Stefano Marzano in The New Everyday - Views on Ambient Intelligence, shares a visual description of the new physical reality to come in the next ten years. Marzano states, “Ambient Intelligence can, to a degree, be thought of as an enabling and an extension of the Internet. This amorphous, networked technology is already breaking down the barriers of time and space.” He further describes a typical household now void of its black boxes; meaning our contemporary appliances like televisions and computers will soon be obsolete. Instead, our traditional, unintelligent objects will be infused with hidden technologies, thus rendering them “subjects, active and intelligent actors in our environment.” By eliminating more material objects from our physical existence, we will live with less obtrusive junk. Marzano suggests that by embedding technology into the objects we do need, such as chairs, tables, and beds, we still hold onto our cultural values of information, communication, and entertainment.
Content then becomes not specific to form, but to value. Meaning, If the physical reality of tomorrow is an extension of the formless content that makes up the Internet, then the objects of the future will possess a de-formed ambiguity. I propose then, that this will make some weird looking objects. Acknowledging the impact that the virtual world is having on our physical one, I am left to ponder why any further analysis between the distinctions of art, craft and design is relevant.
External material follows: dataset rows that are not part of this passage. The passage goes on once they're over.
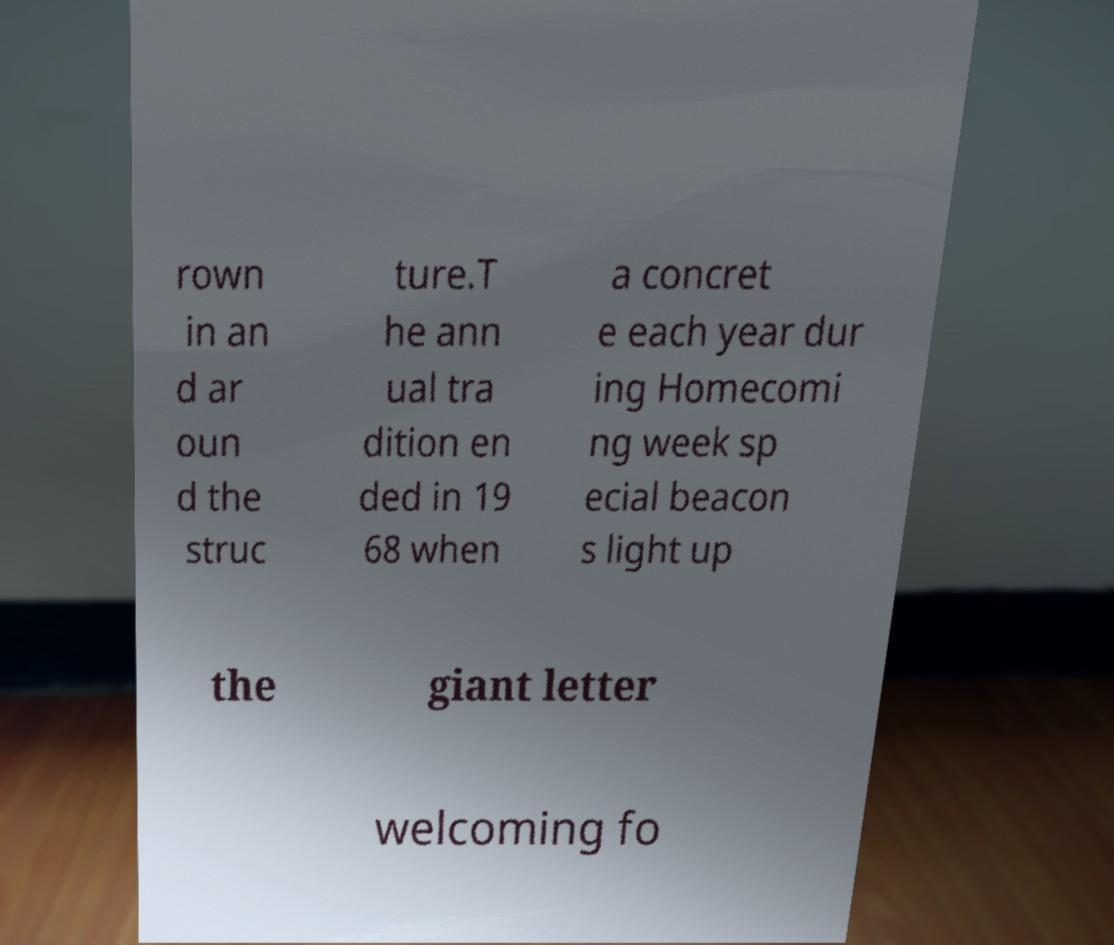Could you extract and type out the text from this image? rown in an d ar oun d the struc ture.T he ann ual tra dition en ded in 19 68 when a concret e each year dur ing Homecomi ng week sp ecial beacon s light up the giant letter welcoming fo 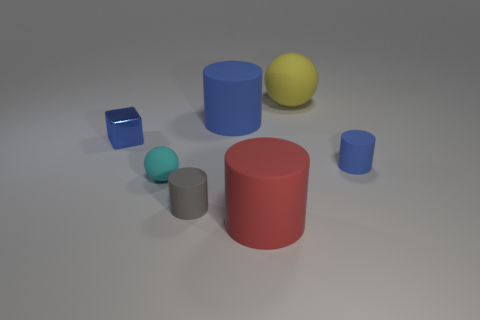What number of small things are either blue cubes or blue things?
Provide a short and direct response. 2. There is a small rubber cylinder in front of the tiny ball; does it have the same color as the large object that is in front of the tiny cyan rubber object?
Offer a terse response. No. What number of other objects are the same color as the small block?
Provide a short and direct response. 2. What number of yellow objects are tiny cubes or large things?
Offer a terse response. 1. There is a small metallic thing; is its shape the same as the large object in front of the tiny gray cylinder?
Your answer should be very brief. No. What shape is the gray object?
Keep it short and to the point. Cylinder. What is the material of the blue cylinder that is the same size as the cyan object?
Your answer should be compact. Rubber. Is there anything else that has the same size as the red rubber cylinder?
Your answer should be very brief. Yes. How many objects are either large yellow matte balls or things behind the big blue thing?
Your answer should be compact. 1. What size is the cyan object that is the same material as the yellow thing?
Your answer should be very brief. Small.

By considering the broader perspective that all three disciplines of making are used to create physical objects, we will have a fuller understanding of the morphing realities of the physical and virtual.
Regardless of the psychological condition of which it was made, the object serves a physical function of defining space. This relationship is the applied experience of understanding the function of physicality. A condition which I believe is slowly slipping from our consciousness due in part by living within two different sensibilities of reality at the same time. By creating a space defined by objects which serve all the functions of art, craft, and design, beyond a physically standardized manner, a new meaning is given to it. Kurt Schitters’ Merzbau installations are examples of how the unlimited sensibilities of the virtual could be made material. Brian O’Doherty states in Inside the White Cube the Ideology of the Gallery Space, that the Merzbau is a combination of design, sculpture, and architecture; nullifying the forms individually, in order to create one symbolic meaning and experience through form and space.
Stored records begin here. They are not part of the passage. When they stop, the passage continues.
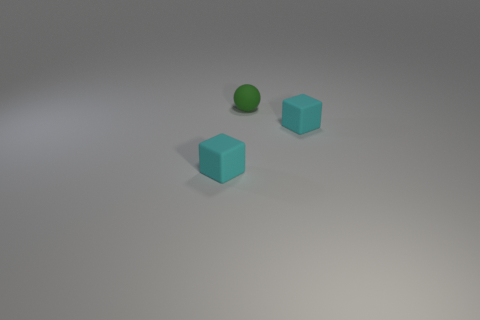Is there an object that is to the right of the small cyan matte block to the left of the ball? Yes, there is a slightly larger cyan block positioned to the right of the smaller cyan matte block, which itself is situated to the left of the green ball. 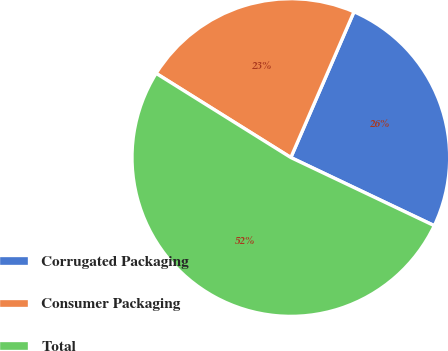<chart> <loc_0><loc_0><loc_500><loc_500><pie_chart><fcel>Corrugated Packaging<fcel>Consumer Packaging<fcel>Total<nl><fcel>25.55%<fcel>22.62%<fcel>51.83%<nl></chart> 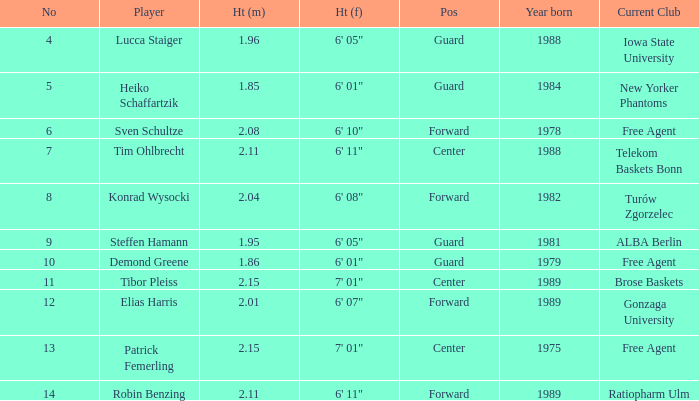Name the height for the player born in 1981 1.95. 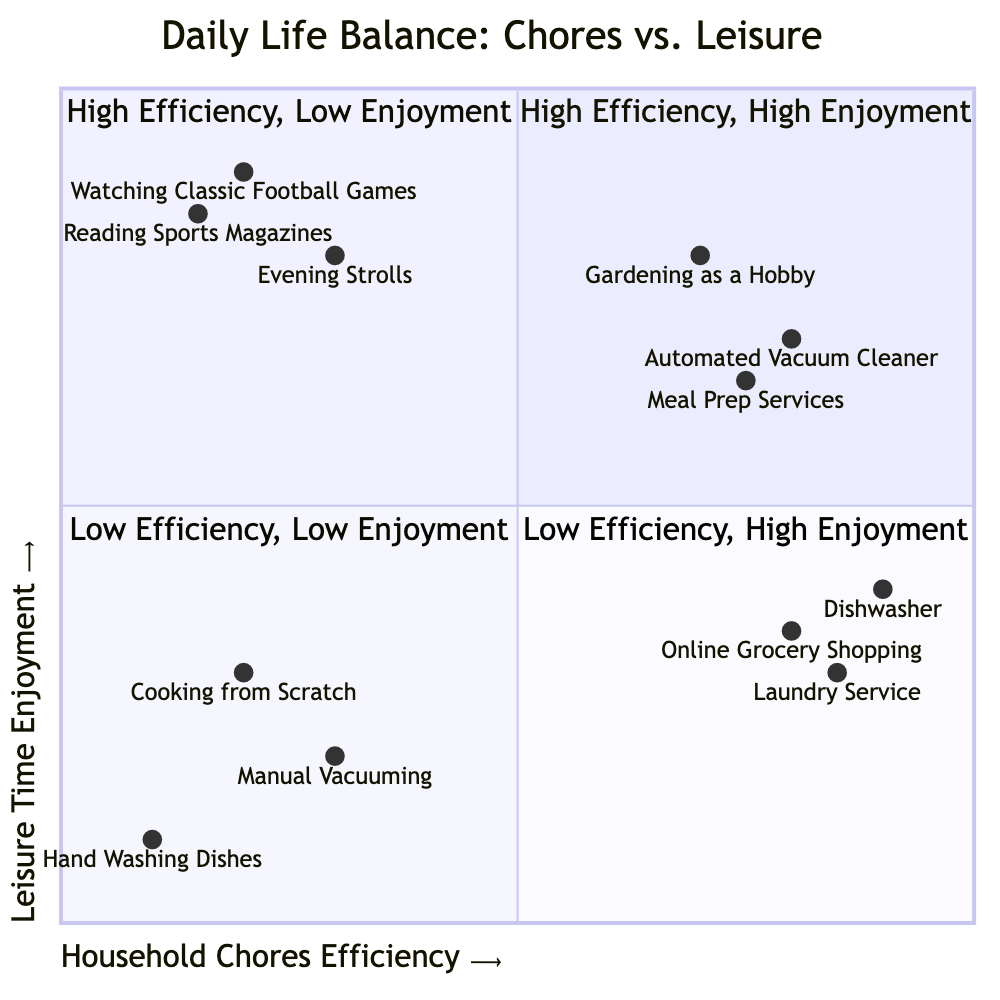What's in the "High Efficiency, High Enjoyment" quadrant? In the "High Efficiency, High Enjoyment" quadrant, the listed items are "Automated Vacuum Cleaner," "Meal Prep Services," and "Gardening as a Hobby." These are all activities that both increase efficiency in household chores and provide high leisure enjoyment.
Answer: Automated Vacuum Cleaner, Meal Prep Services, Gardening as a Hobby How many items are in the "Low Efficiency, Low Enjoyment" quadrant? The "Low Efficiency, Low Enjoyment" quadrant contains three items: "Manual Vacuuming," "Cooking from Scratch," and "Hand Washing Dishes." Therefore, this quadrant has a total of three items.
Answer: 3 Which activity has the highest household chores efficiency? Comparing all the items on the x-axis, "Dishwasher" is identified as having the highest household chores efficiency with a score of 0.9. This value represents its efficiency in completing household chores relative to the others.
Answer: Dishwasher What is the average leisure time enjoyment for items in the "High Efficiency, Low Enjoyment" quadrant? The items in this quadrant are "Dishwasher," "Laundry Service," and "Online Grocery Shopping." Their leisure time enjoyment values are 0.4, 0.3, and 0.35, respectively. Calculating the average: (0.4 + 0.3 + 0.35) / 3 = 0.35.
Answer: 0.35 Which quadrant includes activities that provide high leisure enjoyment but low efficiency in household chores? The "Low Chores Efficiency, High Leisure Enjoyment" quadrant contains activities that fit this description. The items in this quadrant are focused on leisure rather than efficiency in completing household chores.
Answer: Low Chores Efficiency, High Leisure Enjoyment What’s the relationship between “Watching Classic Football Games” and “Gardening as a Hobby” based on the quadrants? "Watching Classic Football Games" is located in the "Low Efficiency, High Leisure Enjoyment" quadrant, while "Gardening as a Hobby" is in the "High Efficiency, High Leisure Enjoyment" quadrant. Thus, they inhabit different quadrants that showcase contrasting ranges of household chores efficiency and leisure enjoyment.
Answer: Different quadrants How many total quadrants are there in this diagram? The diagram features four distinct quadrants, which categorize different activities based on their household chores efficiency and leisure enjoyment levels.
Answer: 4 Which item has the lowest leisure time enjoyment score? The item with the lowest leisure time enjoyment score is "Hand Washing Dishes," which is located in the "Low Efficiency, Low Enjoyment" quadrant with a score of 0.1.
Answer: Hand Washing Dishes What is the common theme of the top right quadrant? The common theme of the "High Efficiency, High Enjoyment" quadrant includes household activities that utilize technology or hobbies that increase efficiency in chores while maximizing leisure enjoyment, such as using an automated vacuum or meal prep services.
Answer: Technology and hobbies

The original Merzbau of the early 1920‘s and 30‘s, was before it’s time. Taking time into consideration, the reconstruction of the Merzbau today could simulate what is psychologically necessary for understanding a virtual environment. As the original installation is made up of discarded construction refuse, materials that were repurposed for the use of their unique shape, not for their structural function, the Merzbau now becomes symbolic in meaning through it’s ambiguous reformalization of material. Like the virtual world, we relate to the Merzbau because it is familiar in some manner, but is not easily quantifiable. It is a hybrid space defined by quasi-recognizable objects and conditions. To reconstruct the Merzbau today would be to produce a sense of order in ones mind of what the virtual world is. It would create an understanding that it is a symbol of what we hold as our deepest possession. Our understanding of place in the physical world.